Well the "c" is essentially an upgraded "b" in that it is setup for two rows rather than one. My brother is on the lookout for a "b" but I'd like to have a CA -as it is really the first post war design. Any of those three tractors are very capable and nimble little tractors. They all did better in the Nebraska tests than their claimed performance (an AC trait). So you never thought you'd own an AC? Well welcome to the family! Those little poppy colored tractors can get into your blood.


----------



## Redwreck (May 19, 2012)

Nice find! Great price!! My WC is a fun little tractor too but my wife likes the "low-rider" feel of my IH 464 better. Why argue? She does more mowing that way.


----------



## PeteNM (Sep 18, 2003)

Ben, I still like that old iron pretty good. Looks like you got another and I'll bet it does a bunch of work for you. I doubt if it uses much gas either. Congrats !!!!


----------



## ben70b (Aug 29, 2012)

I went two see an old allis collector about some parts early this morning, he has been selling off a lot of his old tractors over the last few years. He offered me one and a half more C tractors for 300 bucks, including a freshly overhauled engine that has been settin inside for probably ten years. There is all the parts for one and half another carcass for spare parts. I think I will go back in the morning and pay him for it all. 

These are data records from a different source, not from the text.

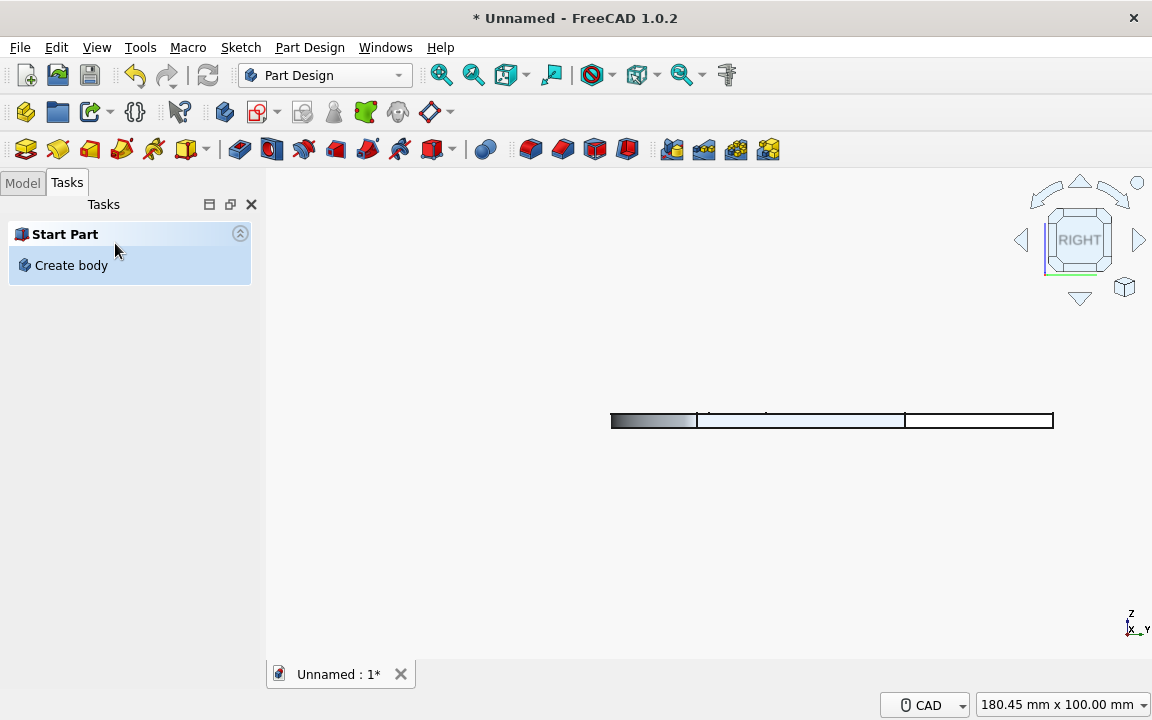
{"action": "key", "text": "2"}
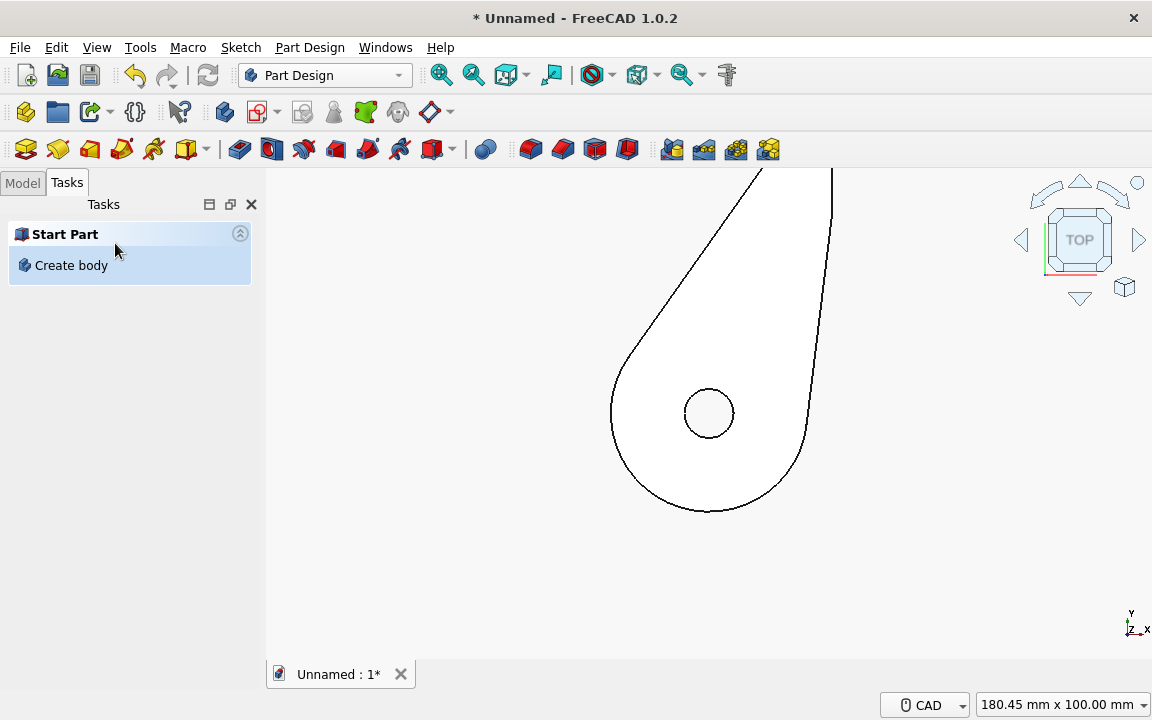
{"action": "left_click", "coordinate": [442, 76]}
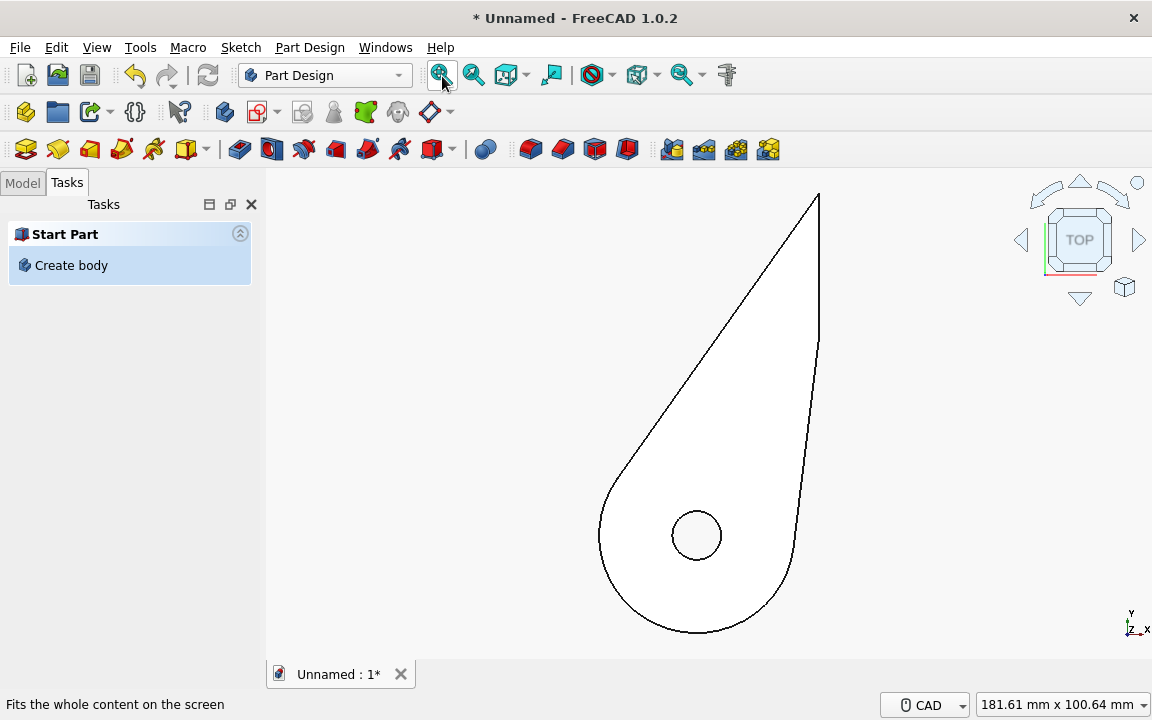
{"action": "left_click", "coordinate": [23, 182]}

Would you rather pay a buck for a burger or eat a free sh!t sandwich?


----------



## PeteNM (Sep 18, 2003)

That sounds like a pretty dang good deal to me. Think I'd likely go for it. How do you find all these good deals !! Congrats again.....


----------



## imbill (Mar 4, 2014)

That sounds like to good of a deal to pass up !!


----------



## skunkhome (Nov 30, 2008)

It's a bonafide illness. Orange fever!


----------